As with a similar fix in our previous quarterly releases, this case allowed such functions to be passed the wrong snapshot, causing them to see stale values of rows modified since the start of the outer transaction.
      Parse libpq's keepalives
      connection option in the same way as other integer-valued options
      (Yuto Sasaki)
      §
     
The coding used here rejected trailing whitespace in the option value, unlike other cases. This turns out to be problematic in ecpg's usage, for example.
In ecpglib, fix out-of-bounds read when parsing incorrect datetime input (Bruce Momjian, Pavel Nekrasov) §
It was possible to try to read the location just before the start of a constant array.
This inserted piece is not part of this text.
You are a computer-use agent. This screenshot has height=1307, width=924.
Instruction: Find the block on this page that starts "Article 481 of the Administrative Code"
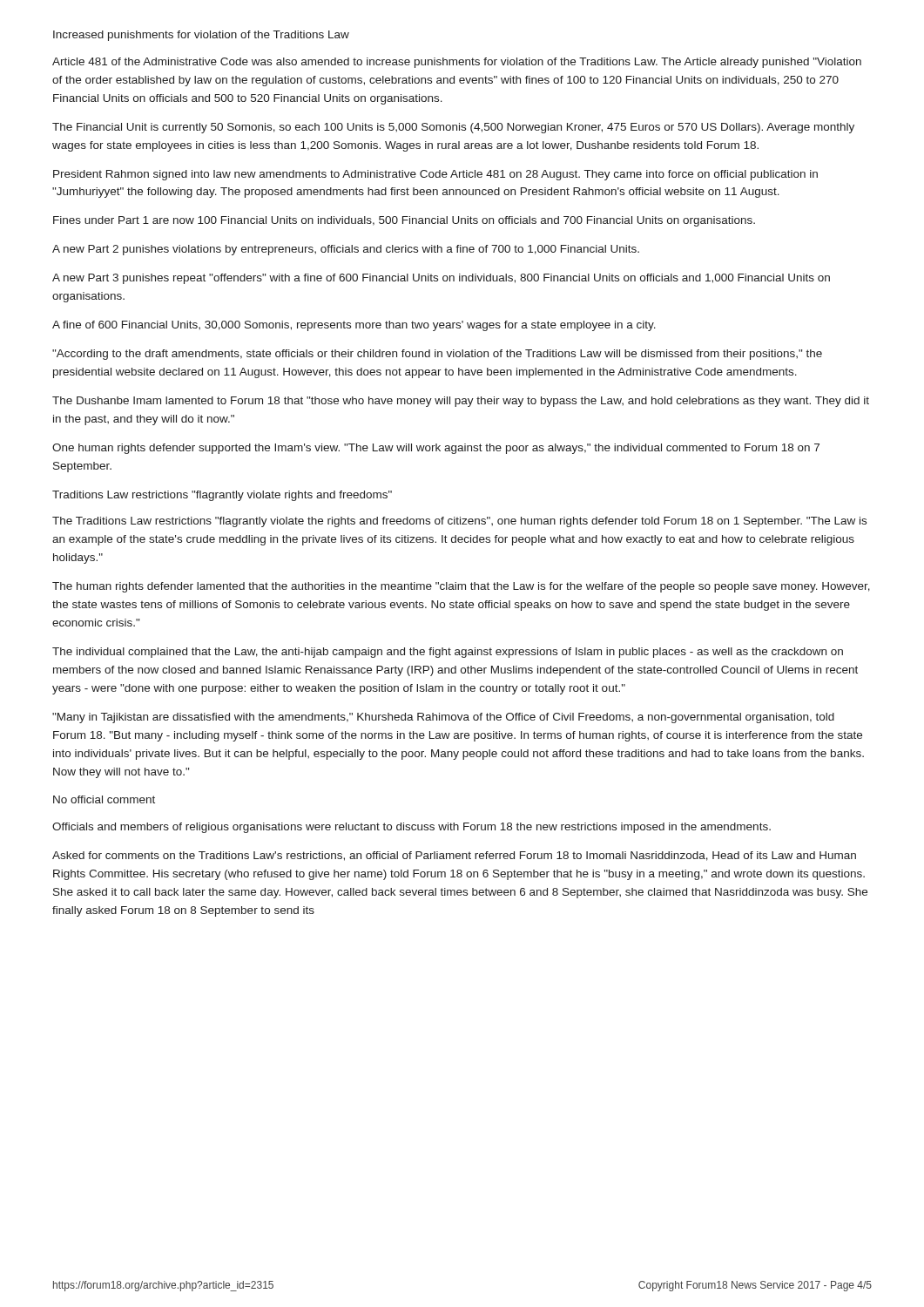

Real-world consequences seem minimal, though.
Fix psql's describe commands to again work with pre-9.4 servers (Tom Lane) §
Commands involving display of an ACL (permissions) column failed with very old PostgreSQL servers, due to use of a function not present in those versions.
      Avoid hanging if an interval less than 1ms is specified
      in psql's \watch
      command (Andrey Borodin, Michael Paquier)
      §
     
Instead, treat this the same as an interval of zero (no wait between executions).
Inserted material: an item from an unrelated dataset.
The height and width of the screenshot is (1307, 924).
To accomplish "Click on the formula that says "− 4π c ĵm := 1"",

      Fix failure to find replication password
      in ~/.pgpass (Tom Lane)
      §
     
      pg_basebackup
      and pg_receivewal failed to match an entry
      in ~/.pgpass that
      had replication in the database name field, if
      no -d or --dbname switch was
      supplied.  This resulted in an unexpected prompt for password.
     
In pg_combinebackup, throw an error if an incremental backup file is present in a directory that is supposed to contain a full backup (Robert Haas) §
In pg_combinebackup, don't construct filenames containing double slashes (Robert Haas) §
This caused no functional problems, but the duplicate slashes were visible in error messages, which could create confusion.
Avoid trying to reindex temporary tables and indexes in vacuumdb and in parallel reindexdb (VaibhaveS, Michael Paquier, Fujii Masao, Nathan Bossart) § § §
Reindexing other sessions' temporary tables cannot work, but the check to skip them was missing in some code paths, leading to unwanted failures.
Fix incorrect LLVM-generated code on ARM64 platforms (Thomas Munro, Anthonin Bonnefoy) §
When using JIT compilation on ARM platforms, the generated code could not support relocation distances exceeding 32 bits, allowing unlucky placement of generated code to cause server crashes on large-memory systems.
      Fix a few places that assumed that process start time (represented
      as a time_t) will fit into a long value
      (Max Johnson, Nathan Bossart)
      §
     
      On platforms where long is 32 bits (notably Windows),
      this coding would fail after Y2038.  Most of the failures appear
      only cosmetic, but notably pg_ctl start would
      hang.
     
Update time zone data files to tzdata release 2024b (Tom Lane) § §
      This tzdata release changes the old
      System-V-compatibility zone names to duplicate the corresponding
      geographic zones; for example PST8PDT is now an
      alias for America/Los_Angeles.  The main visible
      consequence is that for timestamps before the introduction of
      standardized time zones, the zone is considered to represent local
      mean solar time for the named location.  For example,
      in PST8PDT, timestamptz input such
      as 1801-01-01 00:00 would previously have been
      rendered as 1801-01-01 00:00:00-08, but now it is
      rendered as 1801-01-01 00:00:00-07:52:58.
     
      Also, historical corrections for Mexico, Mongolia, and Portugal.
      Notably, Asia/Choibalsan is now an alias
      for Asia/Ulaanbaatar rather than being a separate
      zone, mainly because the differences between those zones were found to
      be based on untrustworthy data.